The sublime Choir of St. John’s College, Cambridge return with the second voluume in their Advent series - celebrating the advent season from within the Christian tradition; a season celebrated since at least the sixth century.

This splendid live recording, from within the Chapel of St. John’s College itself, features Christmas favourites, including Britten’s Deo Gracias from A Ceremony of Carols as well as gorgeous performances of lesser known works by modern composers including Jonathan Dove, Arvo Pärt and Paul Manz.

Artist(s)

The Choir of St John's College Cambridge

The Choir of St John’s College, Cambridge is one of the finest collegiate choirs in the world, known and loved by millions from its broadcasts, concert tours and over 90 recordings.
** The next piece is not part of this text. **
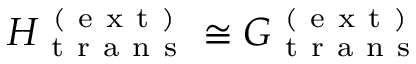Convert formula to latex. <formula><loc_0><loc_0><loc_500><loc_500>H _ { t r a n s } ^ { ( e x t ) } \cong G _ { t r a n s } ^ { ( e x t ) }</formula>

Founded in the 1670s, the Choir is known for its distinctive rich, warm sound, its expressive interpretations and its breadth of repertoire. Alongside these musical characteristics, the Choir is particularly proud of its happy, relaxed and mutually supportive atmosphere. The Choir is directed by Andrew Nethsingha following a long line of eminent Directors of Music, recently Dr George Guest, Dr Christopher Robinson and Dr David Hill. The Choir is made up of around 20 Choristers and Probationers from St John’s College School and 15 Choral Scholars who are members of...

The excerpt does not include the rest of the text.